* Source material:
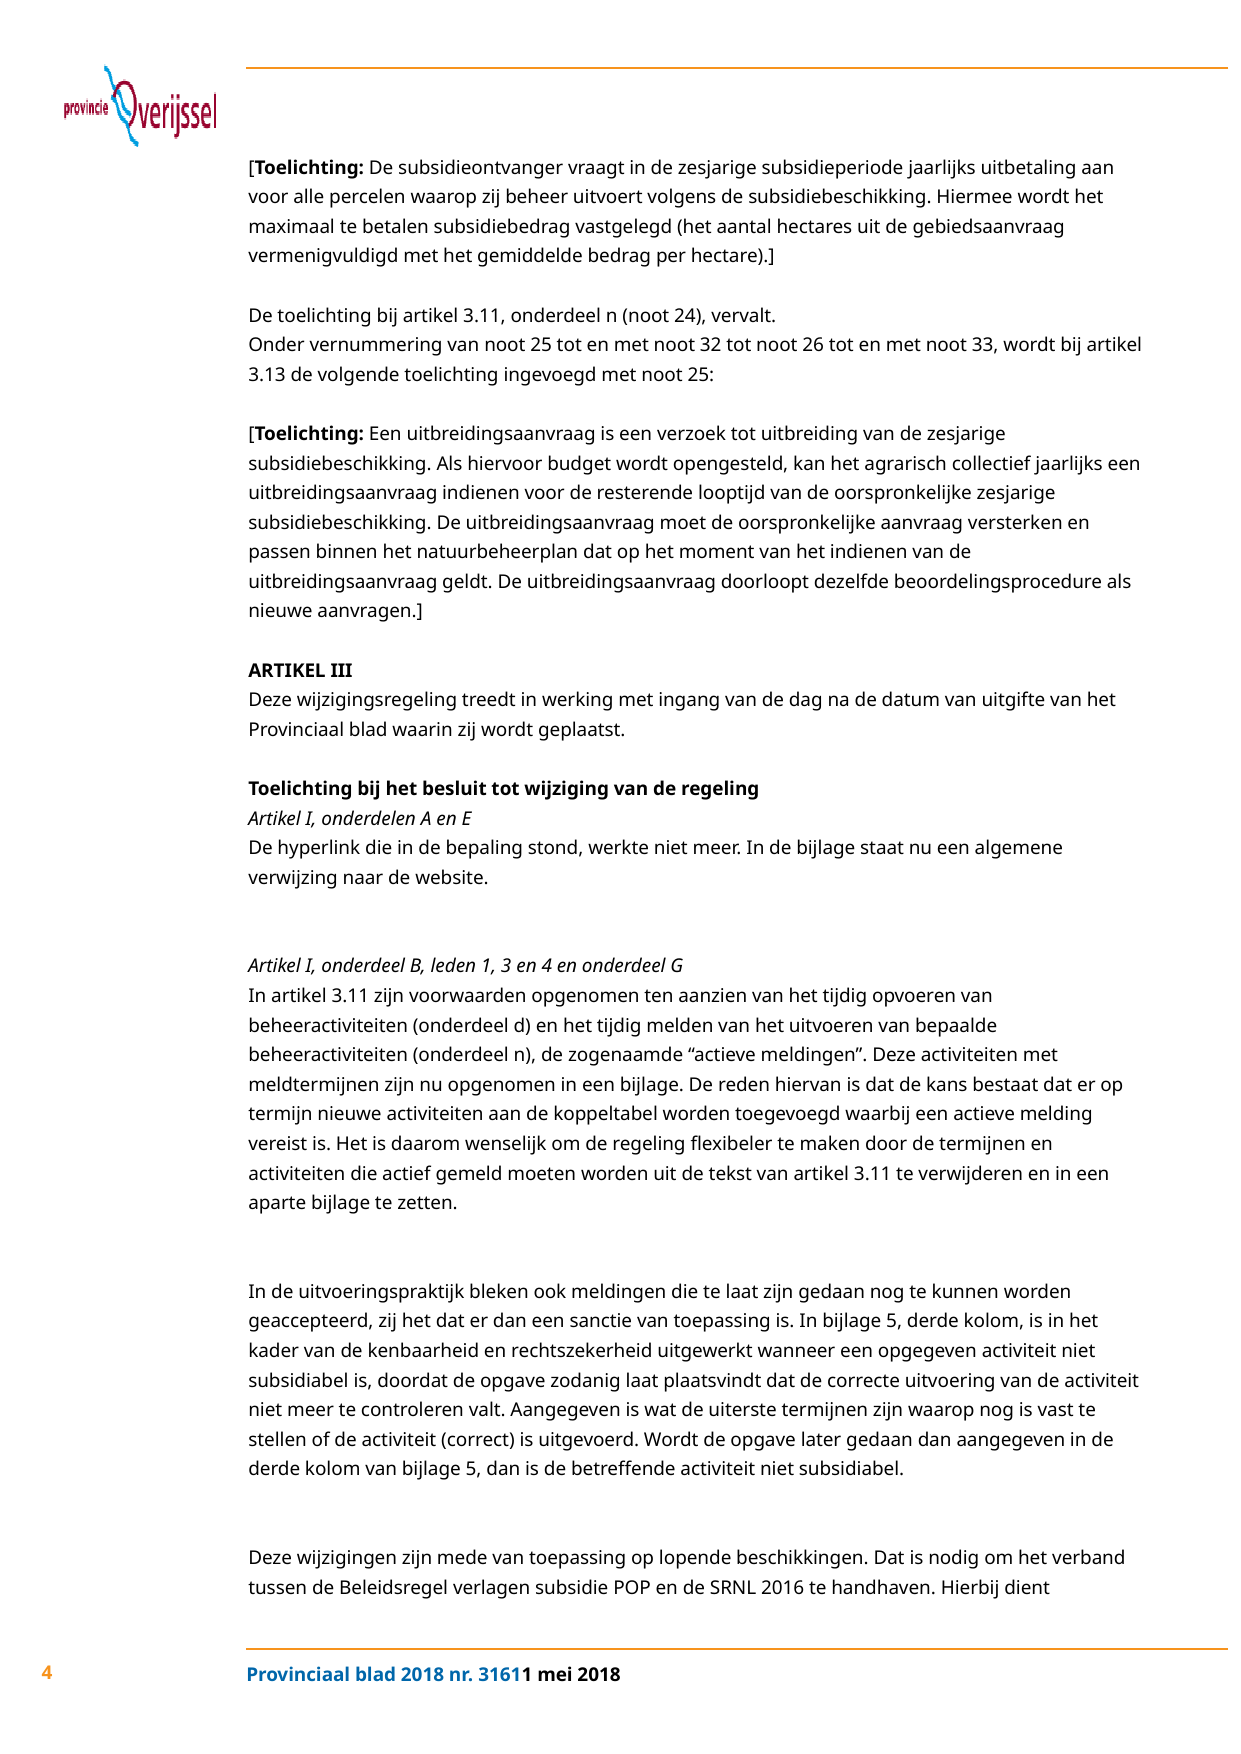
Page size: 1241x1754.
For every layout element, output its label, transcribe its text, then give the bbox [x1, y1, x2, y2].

text ARTIKEL III [248, 657, 1152, 683]
picture [41, 47, 231, 172]
text Artikel I, onderdeel B, leden 1, 3 en 4 en onderdeel G [248, 953, 1152, 978]
text Deze wijzigingsregeling treedt in werking met ingang van de dag na de datum van uitgifte van het Provinciaal blad waarin zij wordt geplaatst. [248, 686, 1152, 742]
text De hyperlink die in de bepaling stond, werkte niet meer. In de bijlage staat nu een algemene verwijzing naar de website. [248, 834, 1152, 890]
text [Toelichting: De subsidieontvanger vraagt in de zesjarige subsidieperiode jaarlijks uitbetaling aan voor alle percelen waarop zij beheer uitvoert volgens de subsidiebeschikking. Hiermee wordt het maximaal te betalen subsidiebedrag vastgelegd (het aantal hectares uit de gebiedsaanvraag vermenigvuldigd met het gemiddelde bedrag per hectare).] [248, 154, 1152, 268]
text Deze wijzigingen zijn mede van toepassing op lopende beschikkingen. Dat is nodig om het verband tussen de Beleidsregel verlagen subsidie POP en de SRNL 2016 te handhaven. Hierbij dient [248, 1544, 1152, 1600]
text [Toelichting: Een uitbreidingsaanvraag is een verzoek tot uitbreiding van de zesjarige subsidiebeschikking. Als hiervoor budget wordt opengesteld, kan het agrarisch collectief jaarlijks een uitbreidingsaanvraag indienen voor de resterende looptijd van de oorspronkelijke zesjarige subsidiebeschikking. De uitbreidingsaanvraag moet de oorspronkelijke aanvraag versterken en passen binnen het natuurbeheerplan dat op het moment van het indienen van de uitbreidingsaanvraag geldt. De uitbreidingsaanvraag doorloopt dezelfde beoordelingsprocedure als nieuwe aanvragen.] [248, 420, 1152, 623]
text De toelichting bij artikel 3.11, onderdeel n (noot 24), vervalt. [248, 302, 1152, 328]
text Onder vernummering van noot 25 tot en met noot 32 tot noot 26 tot en met noot 33, wordt bij artikel 3.13 de volgende toelichting ingevoegd met noot 25: [248, 331, 1152, 387]
text Artikel I, onderdelen A en E [248, 805, 1152, 831]
text In artikel 3.11 zijn voorwaarden opgenomen ten aanzien van het tijdig opvoeren van beheeractiviteiten (onderdeel d) en het tijdig melden van het uitvoeren van bepaalde beheeractiviteiten (onderdeel n), de zogenaamde “actieve meldingen”. Deze activiteiten met meldtermijnen zijn nu opgenomen in een bijlage. De reden hiervan is dat de kans bestaat dat er op termijn nieuwe activiteiten aan de koppeltabel worden toegevoegd waarbij een actieve melding vereist is. Het is daarom wenselijk om de regeling flexibeler te maken door de termijnen en activiteiten die actief gemeld moeten worden uit de tekst van artikel 3.11 te verwijderen en in een aparte bijlage te zetten. [248, 982, 1152, 1215]
text Toelichting bij het besluit tot wijziging van de regeling [248, 775, 1152, 801]
text In de uitvoeringspraktijk bleken ook meldingen die te laat zijn gedaan nog te kunnen worden geaccepteerd, zij het dat er dan een sanctie van toepassing is. In bijlage 5, derde kolom, is in het kader van de kenbaarheid en rechtszekerheid uitgewerkt wanneer een opgegeven activiteit niet subsidiabel is, doordat de opgave zodanig laat plaatsvindt dat de correcte uitvoering van de activiteit niet meer te controleren valt. Aangegeven is wat de uiterste termijnen zijn waarop nog is vast te stellen of de activiteit (correct) is uitgevoerd. Wordt de opgave later gedaan dan aangegeven in de derde kolom van bijlage 5, dan is de betreffende activiteit niet subsidiabel. [248, 1278, 1152, 1481]

* Brief: Your answer must be the lines above from the one containing "text De toelichting" to the one containing "text Artikel I, onderdelen", both included, restated word for word.

* Worked solution:
text De toelichting bij artikel 3.11, onderdeel n (noot 24), vervalt. [248, 302, 1152, 328]
text Onder vernummering van noot 25 tot en met noot 32 tot noot 26 tot en met noot 33, wordt bij artikel 3.13 de volgende toelichting ingevoegd met noot 25: [248, 331, 1152, 387]
text Artikel I, onderdelen A en E [248, 805, 1152, 831]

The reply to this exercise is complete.